Корвин уже уходил, когда в кабинет вошла Эстер и доложила о прибытии министра финансов Тодда, но Лимен сначала решил поговорить с Фрэнком Саймоном. Молодой жилистый человек — секретарь по делам печати, похожий в своих роговых очках на нахохлившуюся сову, торопливо вошел в кабинет. Никто лучше Саймона не умел ладить с прессой, но Лимен уже при одном взгляде на него начинал раздражаться, словно кто-то прикасался к его обнаженным нервам.

— Фрэнк, — обратился он к Саймону, — отмените мою встречу с Донахью из «Федерал рипортер», она назначена на одиннадцать утра. Есть ряд вопросов, связанных с выполнением договора, кому-то из нас нужно заняться ими. Репортерам ничего не сообщайте. Скажите только, что свидание откладывается, так как я работаю над некоторыми законопроектами. Понятно?

Саймон передернул плечами.

— Если после вчерашнего оглашения результатов опроса вы отмените единственную встречу, назначенную на сегодня, немедленно поползут всякие нелепые слухи.

— Тут уж я бессилен. Если первый этап разоружения не будет осуществлен в полном соответствии с договором, то во время следующего опроса вообще некому будет задавать вопросы.

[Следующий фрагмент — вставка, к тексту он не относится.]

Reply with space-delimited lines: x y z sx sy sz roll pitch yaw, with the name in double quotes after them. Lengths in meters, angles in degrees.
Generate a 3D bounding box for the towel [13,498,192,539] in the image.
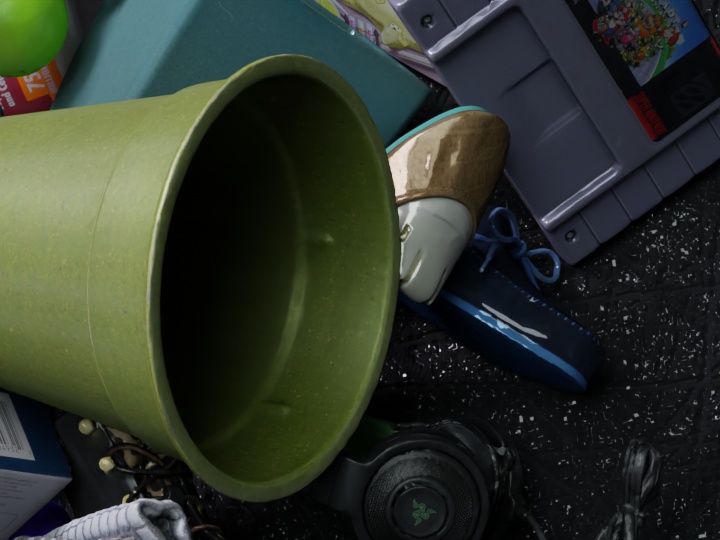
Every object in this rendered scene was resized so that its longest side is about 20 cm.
-0.116 0.214 1.136 0.085 0.165 0.201 -18 89 -30 "towel"

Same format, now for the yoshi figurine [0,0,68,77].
-0.174 -0.178 1.317 0.112 0.113 0.200 30 52 2 "yoshi figurine"

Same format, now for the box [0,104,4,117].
-0.269 0.020 1.269 0.047 0.192 0.201 8 105 54 "box"

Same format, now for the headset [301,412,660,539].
0.044 0.096 1.203 0.199 0.123 0.094 21 99 18 "headset"

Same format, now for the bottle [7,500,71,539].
-0.166 0.221 1.253 0.065 0.084 0.201 -10 72 -3 "bottle"

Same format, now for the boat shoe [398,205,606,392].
0.052 -0.010 1.281 0.200 0.084 0.069 34 78 27 "boat shoe"

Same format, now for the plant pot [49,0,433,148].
-0.091 -0.066 1.302 0.200 0.141 0.141 -55 25 5 "plant pot"

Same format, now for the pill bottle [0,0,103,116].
-0.239 -0.103 1.410 0.199 0.113 0.113 -19 62 11 "pill bottle"

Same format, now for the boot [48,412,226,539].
-0.087 0.125 1.199 0.073 0.200 0.151 -19 80 -29 "boot"

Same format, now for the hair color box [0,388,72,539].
-0.247 0.132 1.218 0.200 0.100 0.061 -42 57 25 "hair color box"

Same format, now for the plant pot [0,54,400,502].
-0.112 -0.005 1.143 0.189 0.200 0.201 7 69 32 "plant pot"

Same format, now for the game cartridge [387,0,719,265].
0.111 -0.106 1.236 0.129 0.200 0.038 -34 38 5 "game cartridge"

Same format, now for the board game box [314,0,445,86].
0.039 -0.153 1.327 0.200 0.120 0.032 32 56 29 "board game box"

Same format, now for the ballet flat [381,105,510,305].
0.000 0.000 1.221 0.200 0.068 0.073 -34 42 19 "ballet flat"
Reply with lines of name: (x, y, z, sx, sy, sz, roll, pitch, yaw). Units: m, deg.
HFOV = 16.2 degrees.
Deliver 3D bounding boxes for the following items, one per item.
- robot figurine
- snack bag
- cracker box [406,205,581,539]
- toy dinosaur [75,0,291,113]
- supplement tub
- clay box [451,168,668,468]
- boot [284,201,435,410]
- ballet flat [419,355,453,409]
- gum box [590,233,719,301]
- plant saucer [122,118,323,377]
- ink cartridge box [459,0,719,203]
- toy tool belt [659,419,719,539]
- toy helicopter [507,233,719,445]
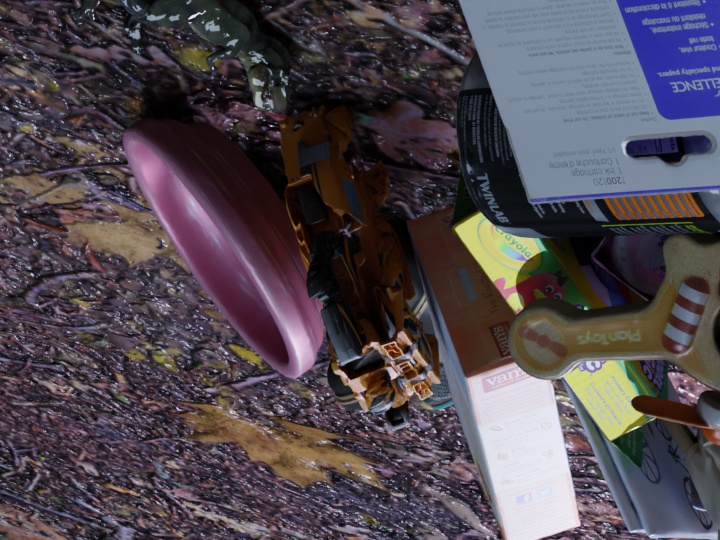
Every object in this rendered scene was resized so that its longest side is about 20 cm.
robot figurine: (0.000, 0.000, 1.592, 0.058, 0.200, 0.145, -22, 146, 10)
snack bag: (0.177, 0.092, 1.651, 0.021, 0.189, 0.200, -30, 162, 19)
cracker box: (0.088, 0.068, 1.633, 0.058, 0.134, 0.200, -18, 141, -1)
toy dinosaur: (-0.115, -0.160, 1.516, 0.088, 0.048, 0.200, -12, 144, 26)
supplement tub: (0.162, -0.080, 1.388, 0.200, 0.123, 0.123, -1, 150, 38)
clay box: (0.132, 0.014, 1.545, 0.048, 0.115, 0.200, -31, 110, 21)
boot: (-0.019, 0.015, 1.810, 0.138, 0.078, 0.200, 26, 142, -8)
ballet flat: (0.092, 0.047, 1.810, 0.072, 0.072, 0.200, 28, 155, -22)
gum box: (0.241, 0.026, 1.498, 0.200, 0.066, 0.113, 37, -171, 9)
plant saucer: (-0.083, -0.023, 1.688, 0.201, 0.051, 0.201, 51, 167, 17)
ink cartridge box: (0.141, -0.134, 1.280, 0.198, 0.043, 0.200, -2, 118, 38)
toy tool belt: (0.278, 0.132, 1.618, 0.200, 0.125, 0.123, 23, -171, -42)
toy helicopter: (0.179, 0.042, 1.429, 0.199, 0.133, 0.079, -6, -168, 27)

— Хорошо, господин президент. — Саймон снова сгорбился. — Вообще-то говоря, мне было бы куда легче маневрировать, если бы вы чуть пораньше предупреждали меня. В потемках я работаю не самым лучшим образом.

«Если б ты только знал, о каких потемках идет речь!» — мысленно воскликнул Лимен.

В кабинет большими шагами вошел Кристофер Тодд с неизменным портфелем в руках. Всей своей внешностью он производил впечатление человека, мир которого всегда и во всем упорядочен. К тому времени, когда Лимен назначил шестидесятилетнего Кристофера Тодда министром финансов, он уже был одним из наиболее известных на Уолл-стрите адвокатов — специалистов в области корпоративного права.